[[ Available data, beginning ]]

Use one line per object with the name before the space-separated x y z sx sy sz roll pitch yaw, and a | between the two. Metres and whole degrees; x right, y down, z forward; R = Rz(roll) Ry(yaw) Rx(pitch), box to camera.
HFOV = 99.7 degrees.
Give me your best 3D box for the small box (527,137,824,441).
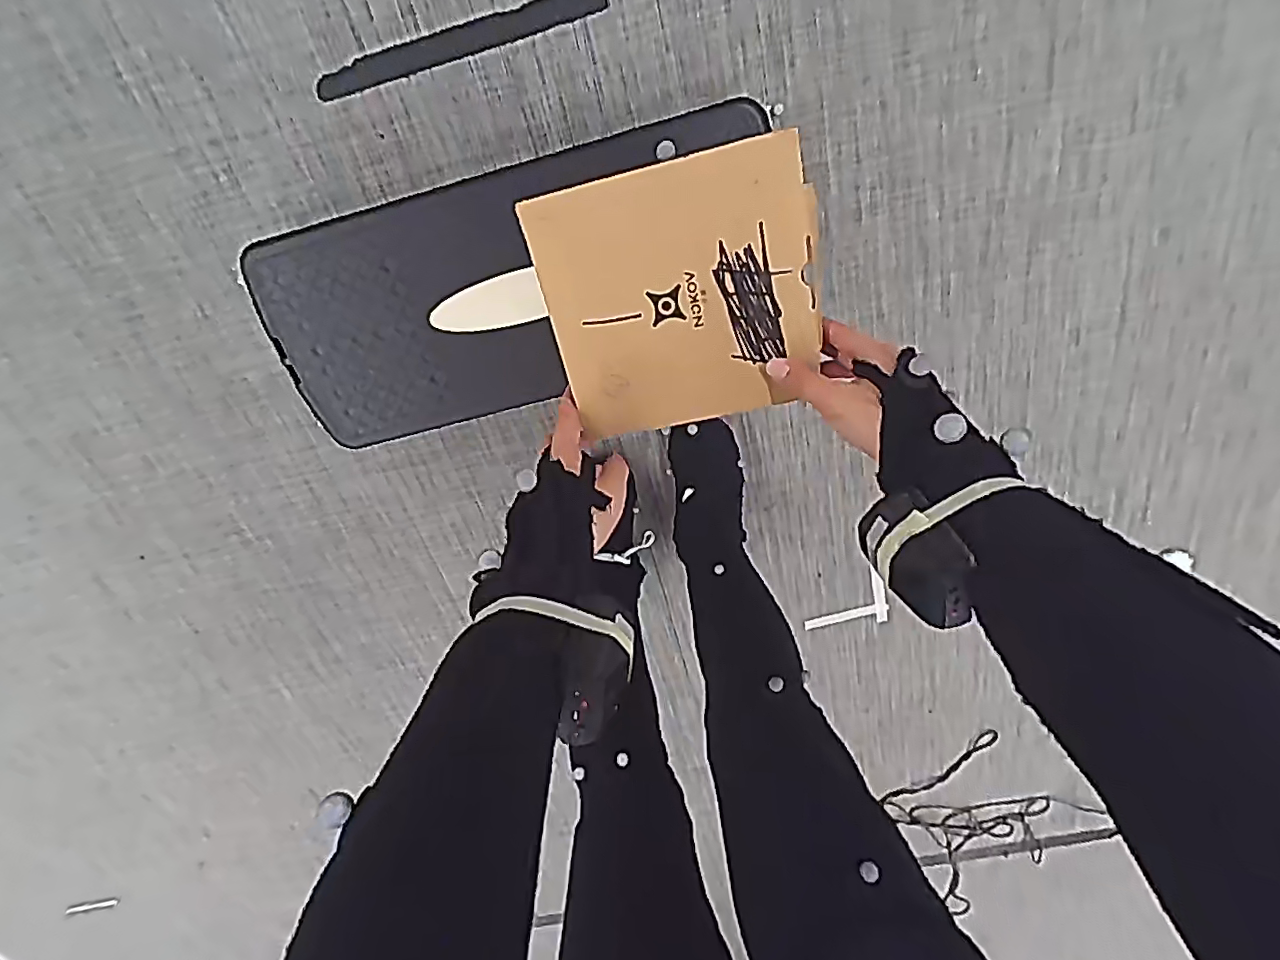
small box | 0.029 -0.152 0.430 0.179 0.176 0.168 -12 115 5

[[ Available data, end ]]

Would you print the whole listing exactly, omitting the pictures?

Use one line per object with the name before the space-separated x y z sx sy sz roll pitch yaw, and a | between the two. Metres and whole degrees; x right, y down, z forward; R = Rz(roll) Ry(yaw) Rx(pitch), box to camera.
HFOV = 99.7 degrees.
Give me your best 3D box for the small box (527,137,824,441).
small box | 0.029 -0.152 0.430 0.179 0.176 0.168 -12 115 5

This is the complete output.